How the bodies affect your betting
While the degree of prestige of these regulatory bodies changes, the truth is that this decentralisation of the sport does make your handicapping more complicated than say if you were betting on players ranked on the ATP tour. In tennis, there’s only one major body responsible for the rankings of the professional tours. In football, FIFA is responsible for ranking all the national sides in the world and by region. In terms of boxing, the fighters will be ranked based on the association they choose to fight under and many fighters will end up fighting for multiple titles across the regulatory bodies. There have also been accusations of corruption across the sport. In terms of your betting, however, there is good news and bad news. The bad news is that it’s difficult to know how competitors stack up when the ranking systems don’t agree or don’t feature the same fighters. The good news, however, is that this means that if you do your research you might find some fighters are undervalued in a particular match. There’s money in the chaos.
Professional vs Amateur boxing
There are a few key differences between the professional and amateur sports.
Amateur boxing fights tend to be shorter than most professional ones. In amateur men’s boxing there are 3 rounds of 3 minutes each, while in the professional bouts there can be up to 12 rounds of 3 minutes. In women’s boxing the rounds last 2 minutes across both sides of the sport.
In Amateur boxing, boxers who have competed in fewer than 10 fights are considered ‘novices’ and can only box against other novices. This aims to allow boxers to improve before they take on more difficult opponents and to build up experience. There is no such distinction in the professional sport. Additionally, in the amateur game the referee can stop a fight if one boxer is obviously ‘outclassed’.
One of the main differences that punters will see is that only amateur boxers are eligible to compete in competitions such as the Olympic and Commonwealth Games. The professional sport tends more towards individual fights and many boxers can go months without fighting.
One of the most noticeable differences between the sports is the kit that boxers wear. In the amateur sport singlets are mandatory, whereas they are banned for professional male boxers. Additionally, until recently headguards were required for all amateur fights, although they have now been phased out of the men’s sport due to studies on concussions.

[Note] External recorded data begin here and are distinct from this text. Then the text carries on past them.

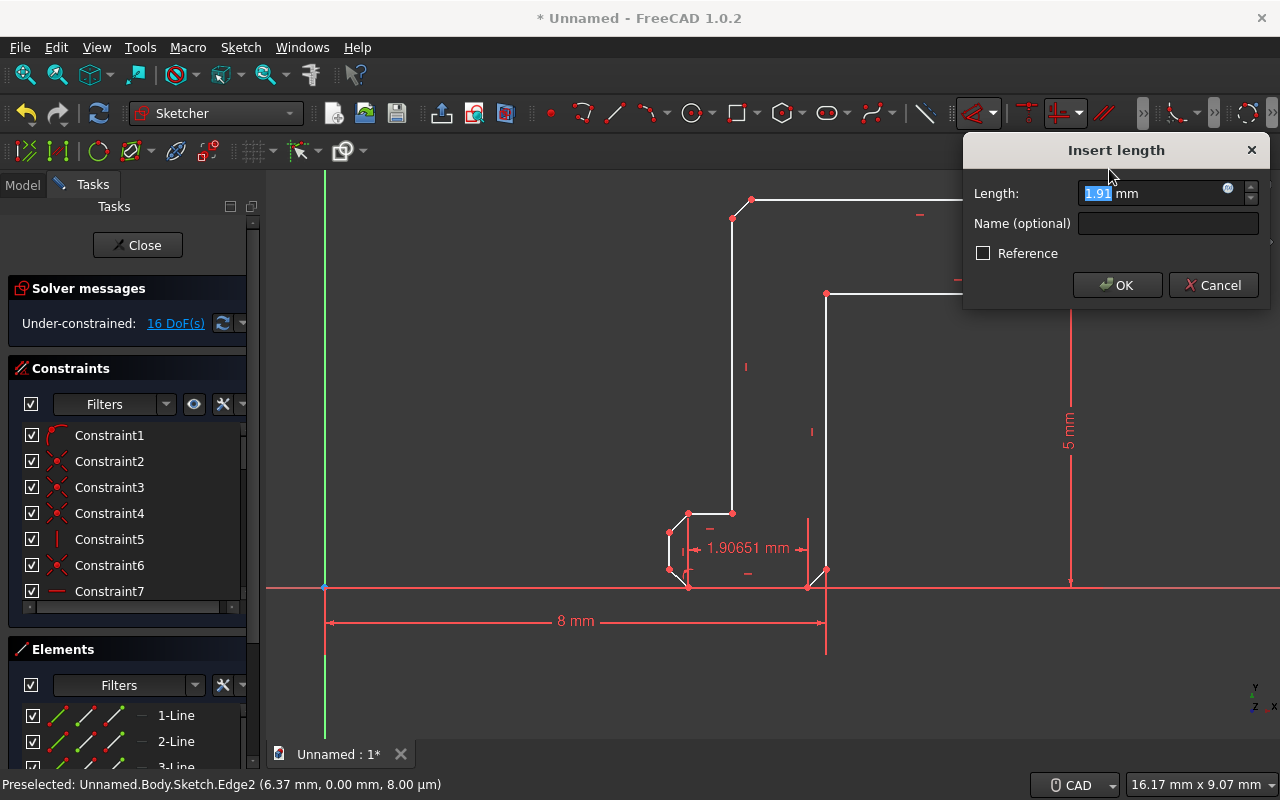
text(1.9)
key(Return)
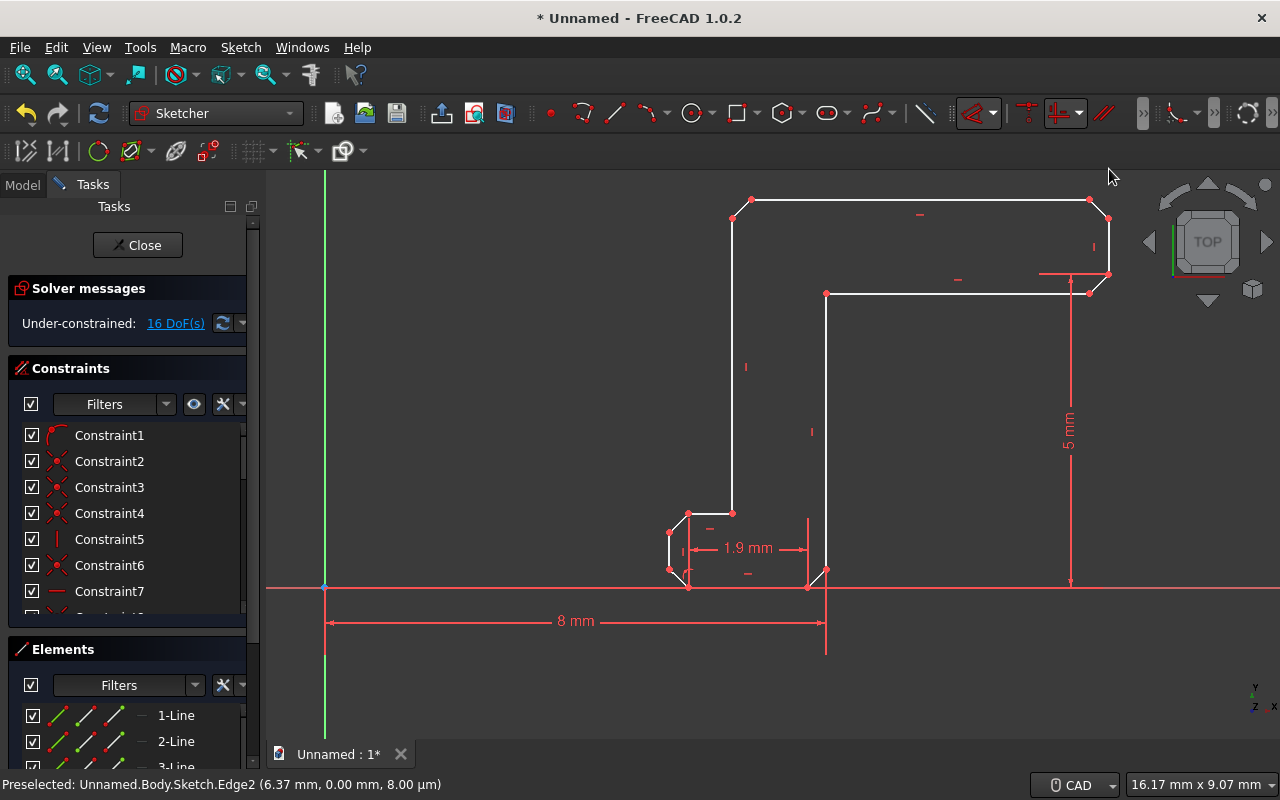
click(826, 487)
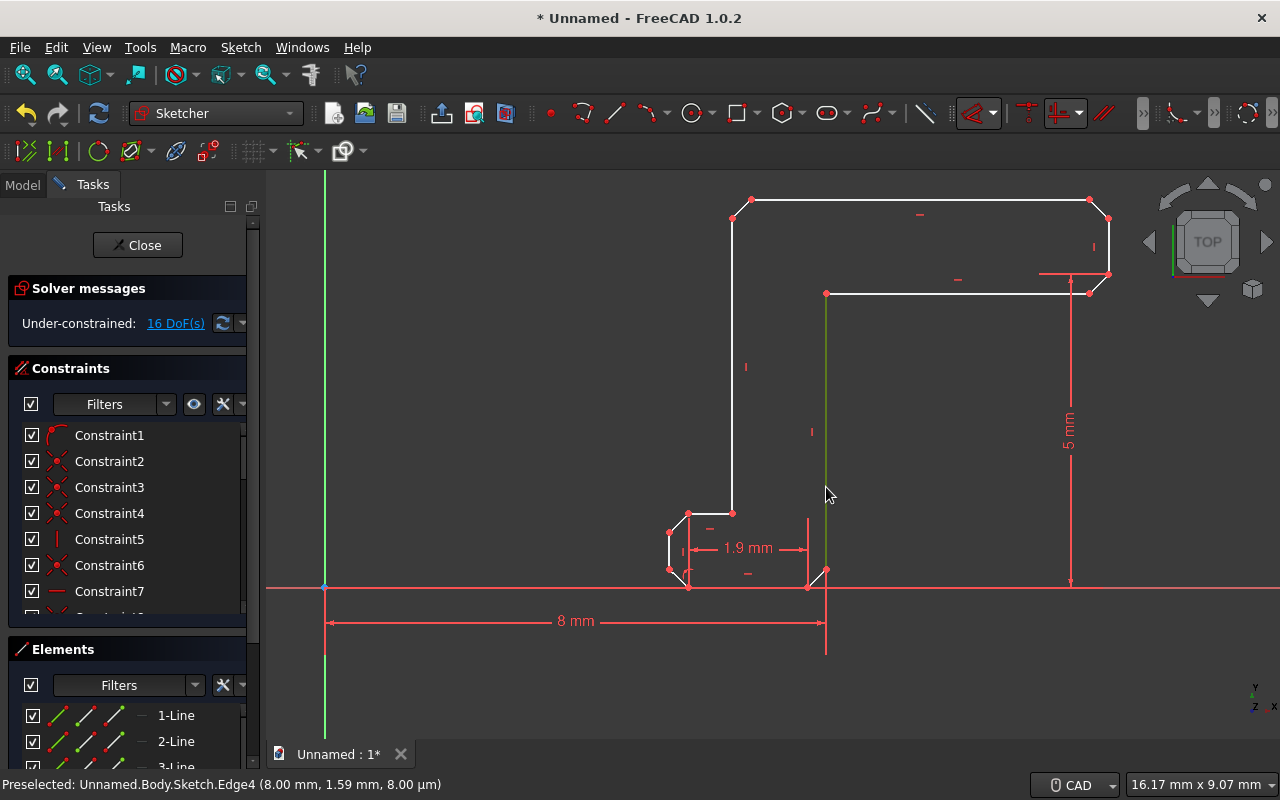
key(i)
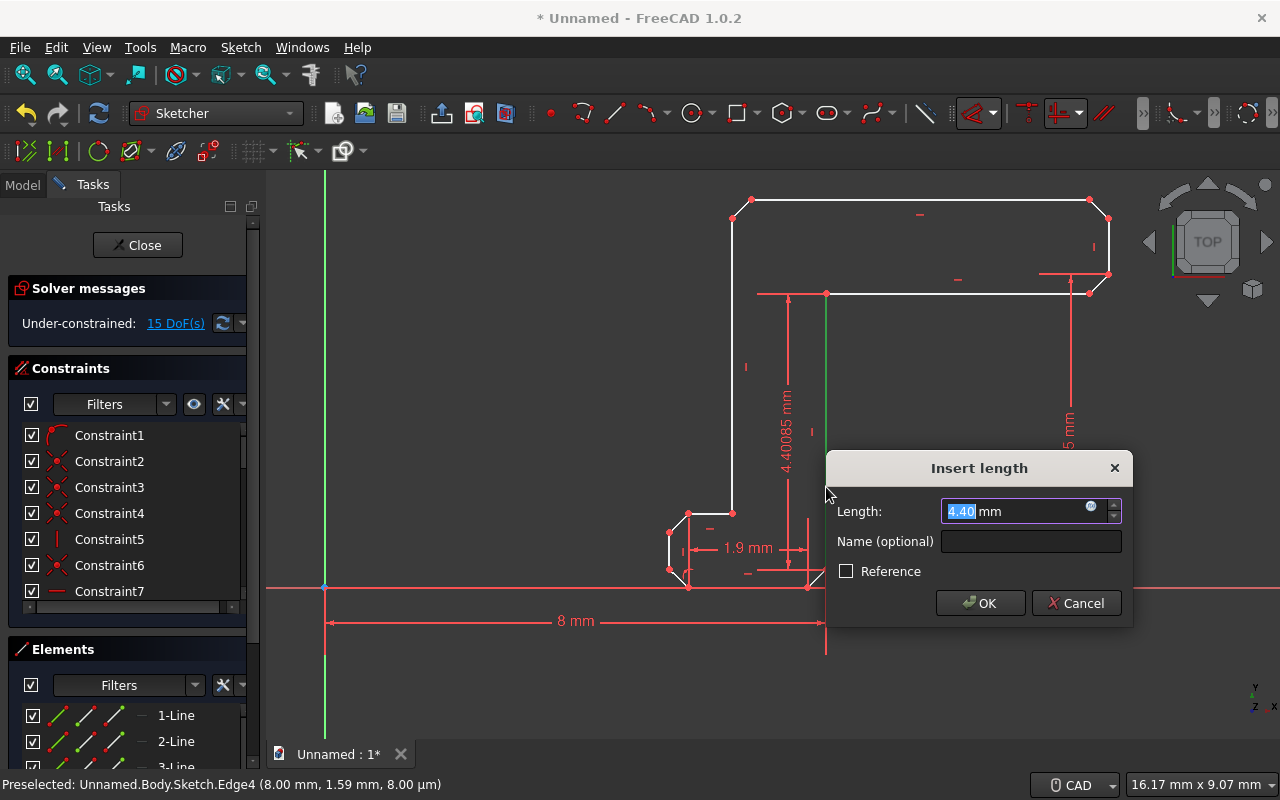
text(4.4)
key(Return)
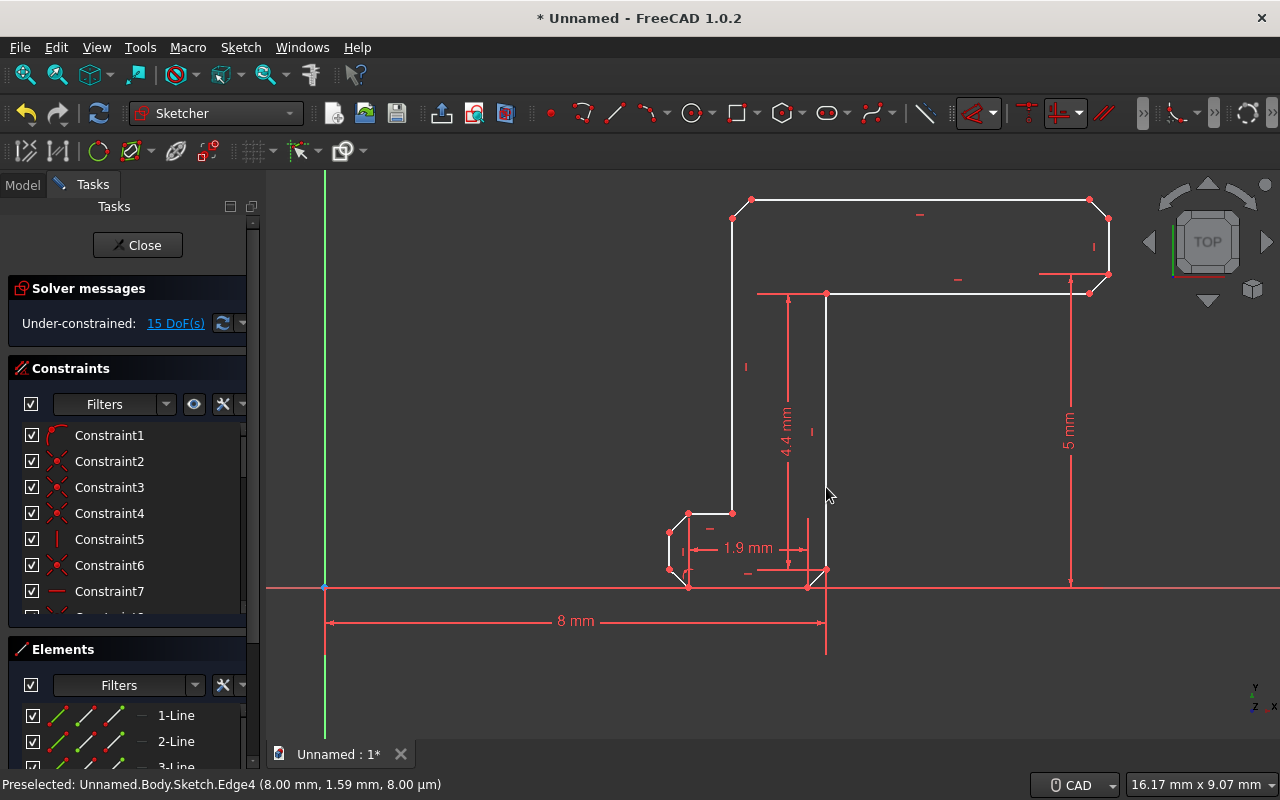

Conclusion: Give boxing betting a go
With so many boxing matches scheduled every weekend throughout the year, there are plenty of opportunities to bet on boxing across the diverse range of online sportsbooks we review here on OpenOdds. The bookies discussed above will offer good odds on the match ups, and a range of markets to bet on. The governing bodies make the world of boxing a little hard to get your head around, but keep an eye out for any boxing specials and do your research to see if you can find a good deal.